In 1499, the Italian explorer and navigator Amerigo Vespucci sailed for Spain along the northern coast of South America. When he encountered stilt-built villages of indigenous people on the waters of Lake Maracaibo, the scene reminded him of Venice. Vespucci and his companions called the region “Veneziola” (literally “Little Venice” in Italian), a term that later evolved into Venezuela in Spanish.
While Spain ultimately colonized and shaped early Venezuela, Italian individuals were present even in the colonial and republican eras. Early migrants included explorers, missionaries, military officers, and intellectuals who arrived in smaller numbers — people like Agostino Codazzi, an Italian military man and geographer whose cartographic work helped define Venezuela’s territorial understanding in the 19th century.
Venezuelan independence was crafted by an Italian. Juan Germán Roscio — whose father was of Italian descent — who helped craft Venezuela’s early republican identity in the 19th century.

Little Italy
The most transformative Italian influence in Venezuela came with mass migration in the mid-20th century. Venezuela — flush with oil revenues and in need of labor for urban development — actively welcomed European immigrants in the 1940s and 1950s. Over 300,000 Italians migrated to Venezuela during this period, settling mainly in cities like Caracas, Maracaibo, Valencia, and Barquisimeto.
Italian cultural markers quickly rose in prominence. Venezuela became one of the world’s top consumers of pasta, second only to Italy itself — a striking example of how Italian culinary tradition took root locally.

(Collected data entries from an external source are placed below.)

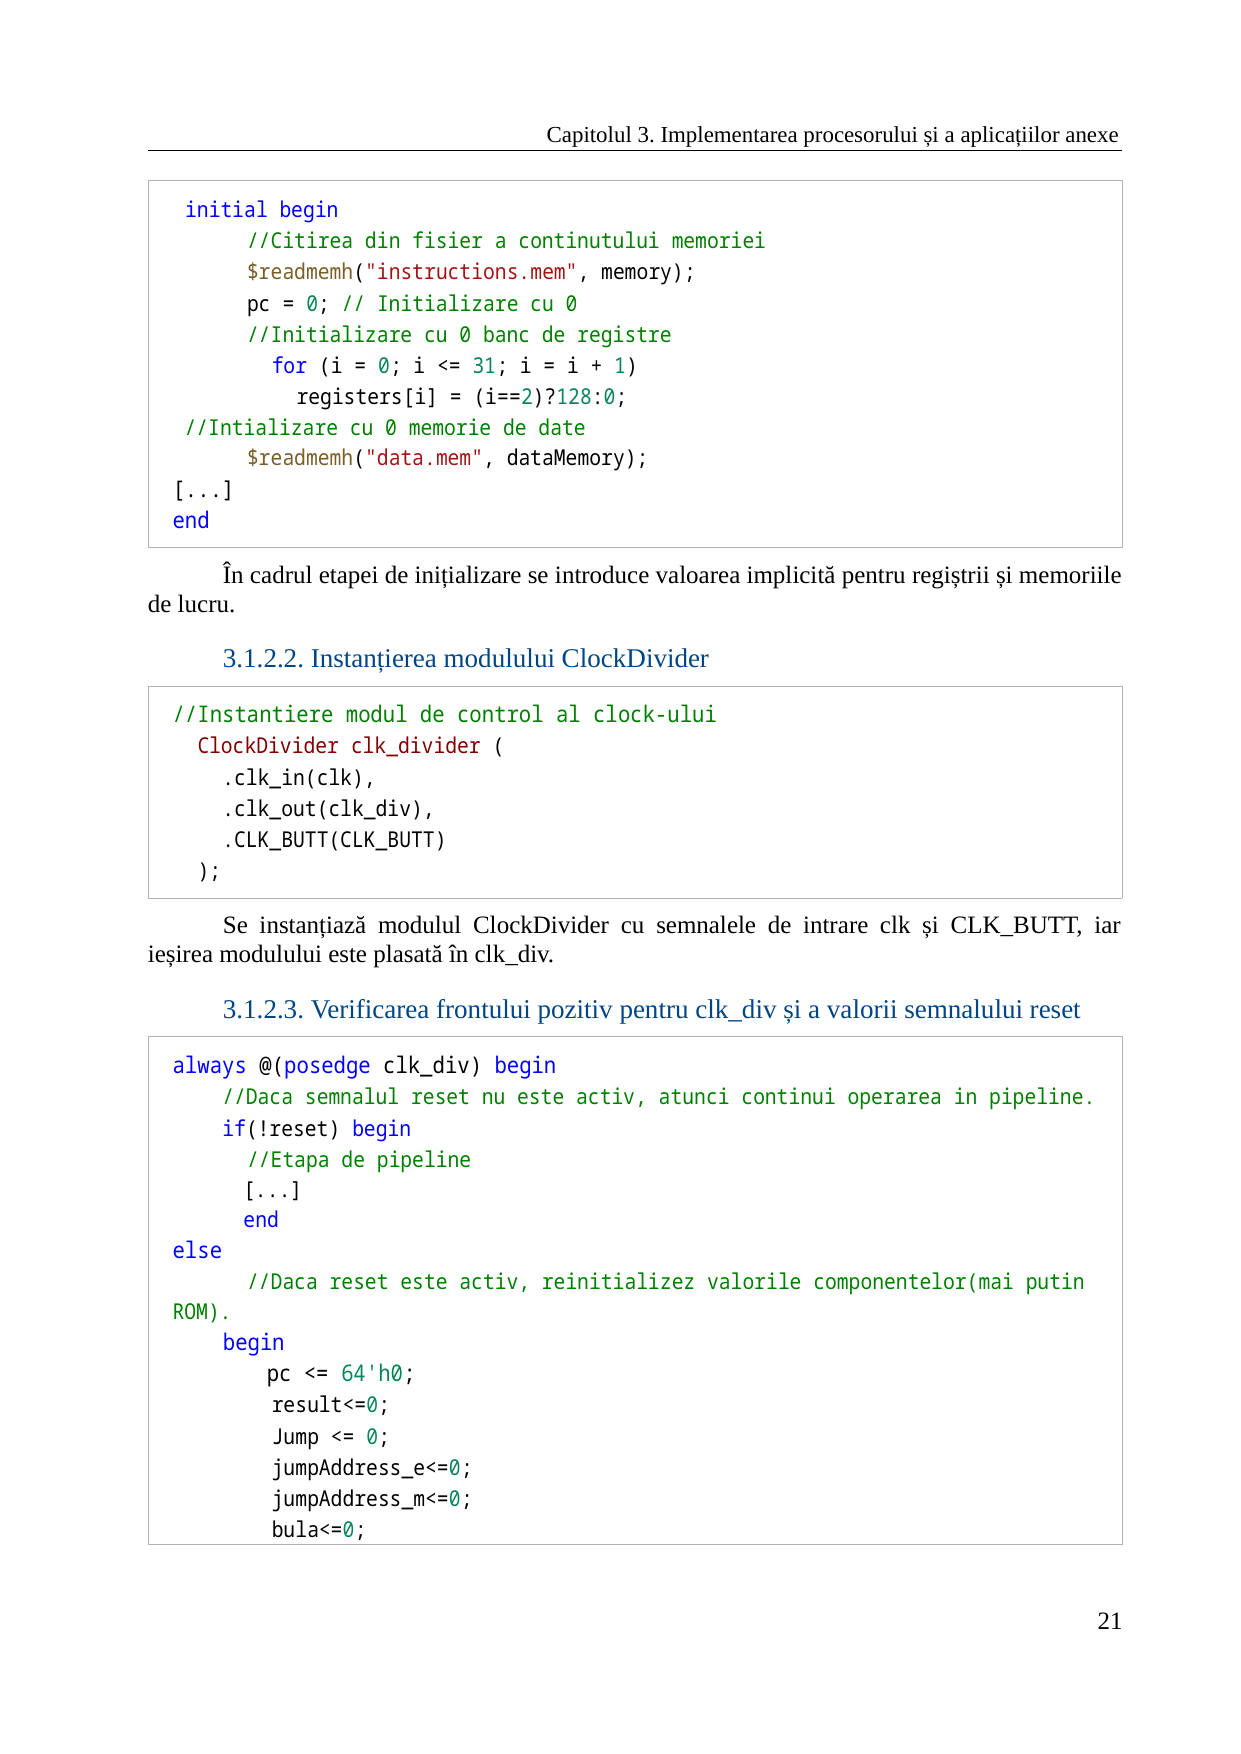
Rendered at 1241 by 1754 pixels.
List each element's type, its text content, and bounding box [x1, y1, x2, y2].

text if(!reset) begin [149, 1099, 1122, 1130]
text jumpAddress_e<=0; [149, 1438, 1122, 1469]
text ); [149, 842, 1122, 898]
text //Intializare cu 0 memorie de date [149, 399, 1122, 429]
text .CLK_BUTT(CLK_BUTT) [149, 811, 1122, 842]
text [...] [149, 1161, 1122, 1191]
text În cadrul etapei de inițializare se introduce valoarea implicită pentru regiștrii și memoriile de lucru. [148, 560, 1122, 617]
text pc = 0; // Initializare cu 0 [149, 274, 1122, 305]
text //Citirea din fisier a continutului memoriei [149, 211, 1122, 243]
text begin [149, 1313, 1122, 1344]
text [...] [149, 460, 1122, 491]
text registers[i] = (i==2)?128:0; [149, 368, 1122, 399]
text .clk_in(clk), [149, 748, 1122, 779]
text for (i = 0; i <= 31; i = i + 1) [149, 336, 1122, 368]
text ClockDivider clk_divider ( [149, 717, 1122, 748]
text bula<=0; [149, 1501, 1122, 1544]
text jumpAddress_m<=0; [149, 1469, 1122, 1501]
text pc <= 64'h0; [149, 1344, 1122, 1376]
text $readmemh("data.mem", dataMemory); [149, 429, 1122, 460]
text $readmemh("instructions.mem", memory); [149, 243, 1122, 274]
text end [149, 491, 1122, 547]
subtitle Verificarea frontului pozitiv pentru clk_div și a valorii semnalului reset [223, 993, 1122, 1024]
text Se instanțiază modulul ClockDivider cu semnalele de intrare clk și CLK_BUTT, iar ieșirea modulului este plasată în clk_div. [148, 911, 1122, 968]
text //Etapa de pipeline [149, 1130, 1122, 1161]
text end [149, 1191, 1122, 1221]
text //Initializare cu 0 banc de registre [149, 305, 1122, 336]
text //Daca semnalul reset nu este activ, atunci continui operarea in pipeline. [149, 1068, 1122, 1099]
text always @(posedge clk_div) begin [149, 1037, 1122, 1068]
subtitle Instanțierea modulului ClockDivider [223, 642, 1122, 673]
text else [149, 1221, 1122, 1252]
text result<=0; [149, 1376, 1122, 1407]
text Jump <= 0; [149, 1407, 1122, 1438]
text .clk_out(clk_div), [149, 779, 1122, 811]
text //Instantiere modul de control al clock-ului [149, 687, 1122, 717]
text //Daca reset este activ, reinitializez valorile componentelor(mai putin ROM). [149, 1252, 1122, 1313]
text initial begin [149, 181, 1122, 211]

Italian clubs, newspapers, social organizations, and even football teams — most famously Deportivo Italia in the 1960s and ’70s — further cemented a vibrant Italian-Venezuelan presence.
Today, millions of Venezuelans claim some degree of Italian ancestry, with estimates suggesting up to 16 % of the population has Italian roots.
When Chavez became dictator, many Italian descendants — especially those with dual citizenship — migrated to Italy. Italian authorities report increased demand for citizenship applications among Venezuelans seeking stability and safety for their families.
Venezuelans living Italy were able to provide a worldwide voice for family members, friends, and neighbors who were persecuted by Chavez and Madura. They could provide information from Italy to the people of Venezuela in an uncensored format.
Now that the communist dictatorship has been toppled, Italian Venezuelans—all Venezuelans—can forge ahead in a new era of freedom.
Editor's Note: Pictured is Hugo Chavez, his statue being torn down, and the Columbus statue torn down in 2004. Opposition to the communist dictatorships consisted of some key members who were of Italian origins such as Lilian Tintori, Alberto Franceschi González, and Américo De Grazia.